*Prompt*: Your task is to copy the listing exactly. Drop any pictures from the copy.

*Supplied data*:

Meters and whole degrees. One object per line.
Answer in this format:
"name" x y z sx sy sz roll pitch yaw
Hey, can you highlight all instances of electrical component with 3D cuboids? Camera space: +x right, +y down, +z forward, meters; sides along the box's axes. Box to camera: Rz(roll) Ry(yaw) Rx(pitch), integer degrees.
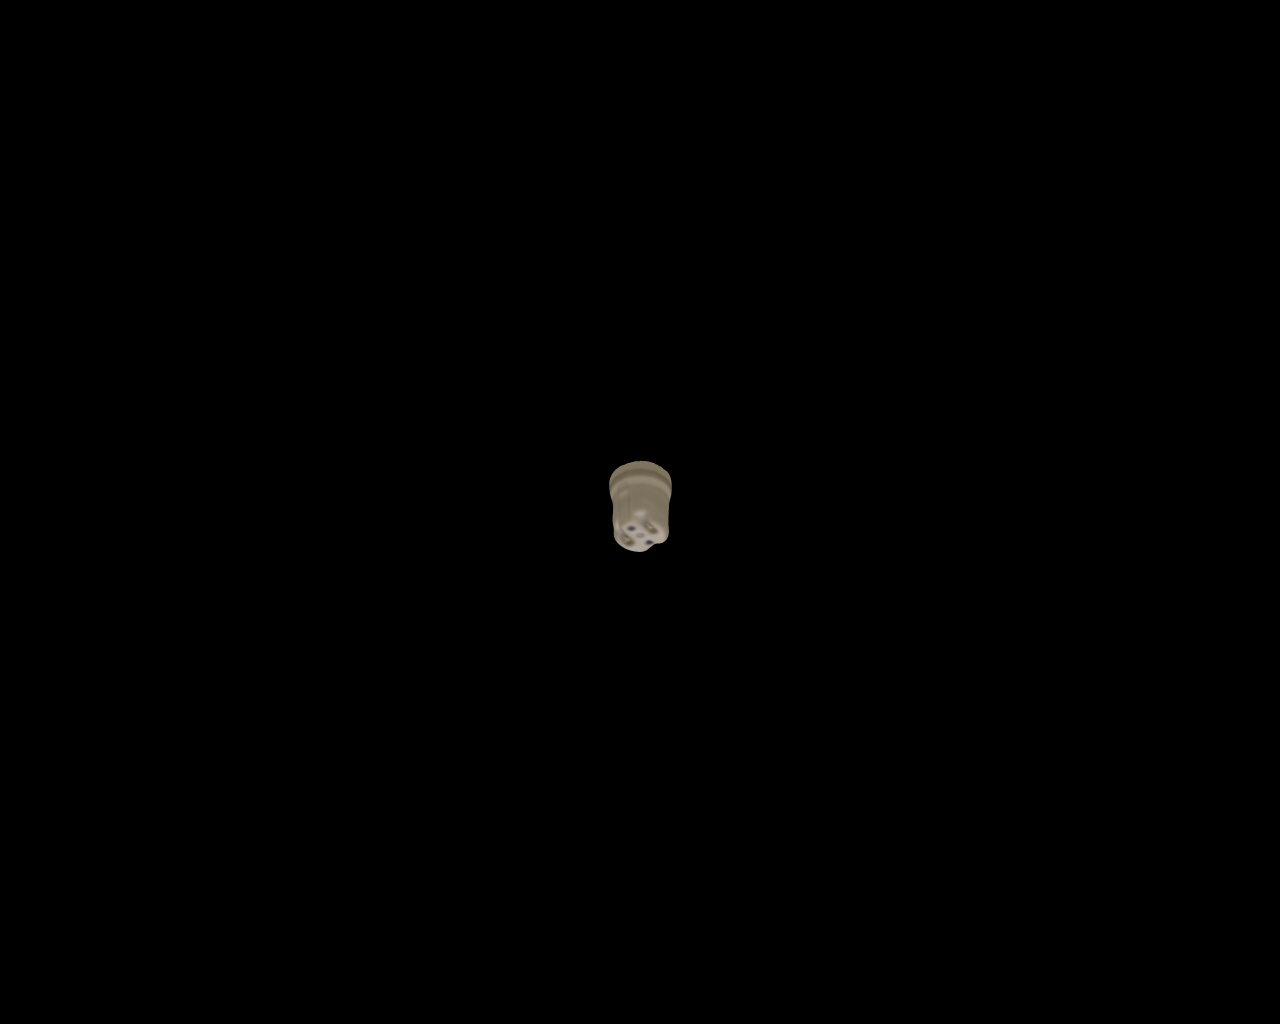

*Response to this task*:
Meters and whole degrees. One object per line.
Answer in this format:
"name" x y z sx sy sz roll pitch yaw
Hey, can you highlight all instances of electrical component with 3D cuboids? Camera space: +x right, +y down, +z forward, meters; sides along the box's axes. Box to camera: Rz(roll) Ry(yaw) Rx(pitch), integer degrees.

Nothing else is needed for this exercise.